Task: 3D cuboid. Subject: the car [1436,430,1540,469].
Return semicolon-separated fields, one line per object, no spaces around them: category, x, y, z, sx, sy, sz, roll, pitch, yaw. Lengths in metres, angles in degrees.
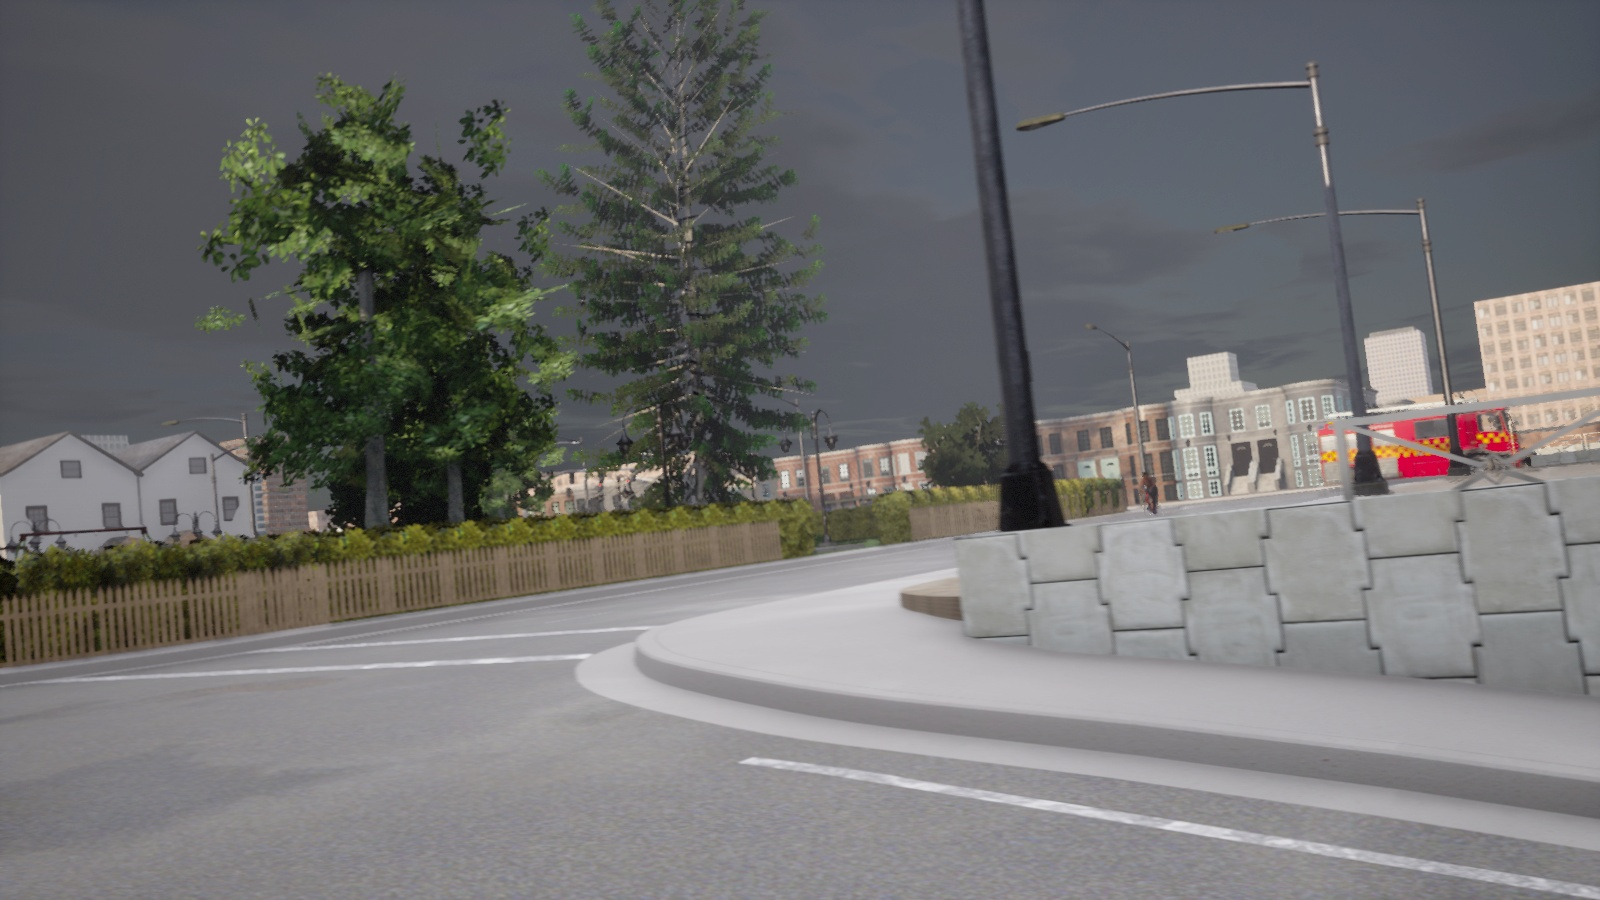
car;33.481;-0.020;61.172;4.193;1.474;1.816;-7;-3;32

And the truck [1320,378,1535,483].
truck;29.614;-0.841;59.468;8.468;3.827;2.891;-8;-3;32

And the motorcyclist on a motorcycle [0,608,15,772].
motorcyclist on a motorcycle;-6.468;1.496;7.982;0.766;1.649;2.350;-7;-2;24

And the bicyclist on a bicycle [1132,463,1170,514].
bicyclist on a bicycle;12.233;1.323;43.686;0.582;1.620;1.656;-9;-4;33
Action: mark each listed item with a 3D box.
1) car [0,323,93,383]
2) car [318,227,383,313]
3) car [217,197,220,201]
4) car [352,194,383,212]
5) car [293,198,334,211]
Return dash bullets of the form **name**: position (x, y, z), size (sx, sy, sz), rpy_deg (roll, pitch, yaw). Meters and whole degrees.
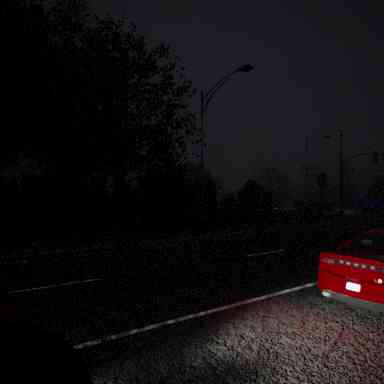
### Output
- **car**: position (-2.969, 1.492, 1.636), size (4.902, 1.511, 2.128), rpy_deg (0, 0, -35)
- **car**: position (4.783, 1.478, 7.136), size (5.008, 1.535, 1.882), rpy_deg (0, 0, -35)
- **car**: position (3.925, 1.455, 56.649), size (1.812, 1.442, 4.674), rpy_deg (0, 1, -32)
- **car**: position (20.750, 1.221, 36.792), size (2.150, 2.045, 5.566), rpy_deg (0, 0, -33)
- **car**: position (14.476, 1.478, 39.839), size (1.882, 1.535, 5.008), rpy_deg (0, 0, -33)

....

Your answer must be an exact copy of the records, minus any pictures.

Task: 3D cuboid. Subject: the car [1436,430,1540,469].
Return semicolon-separated fields, one line per object, no spaces around them: category, x, y, z, sx, sy, sz, roll, pitch, yaw. Lengths in metres, angles in degrees.
car;33.481;-0.020;61.172;4.193;1.474;1.816;-7;-3;32

And the truck [1320,378,1535,483].
truck;29.614;-0.841;59.468;8.468;3.827;2.891;-8;-3;32

And the motorcyclist on a motorcycle [0,608,15,772].
motorcyclist on a motorcycle;-6.468;1.496;7.982;0.766;1.649;2.350;-7;-2;24

And the bicyclist on a bicycle [1132,463,1170,514].
bicyclist on a bicycle;12.233;1.323;43.686;0.582;1.620;1.656;-9;-4;33
Action: mark each listed item with a 3D box.
1) car [0,323,93,383]
2) car [318,227,383,313]
3) car [217,197,220,201]
4) car [352,194,383,212]
5) car [293,198,334,211]
Return dash bullets of the form **name**: position (x, y, z), size (sx, sy, sz), rpy_deg (roll, pitch, yaw). Meters and whole degrees.
### Output
- **car**: position (-2.969, 1.492, 1.636), size (4.902, 1.511, 2.128), rpy_deg (0, 0, -35)
- **car**: position (4.783, 1.478, 7.136), size (5.008, 1.535, 1.882), rpy_deg (0, 0, -35)
- **car**: position (3.925, 1.455, 56.649), size (1.812, 1.442, 4.674), rpy_deg (0, 1, -32)
- **car**: position (20.750, 1.221, 36.792), size (2.150, 2.045, 5.566), rpy_deg (0, 0, -33)
- **car**: position (14.476, 1.478, 39.839), size (1.882, 1.535, 5.008), rpy_deg (0, 0, -33)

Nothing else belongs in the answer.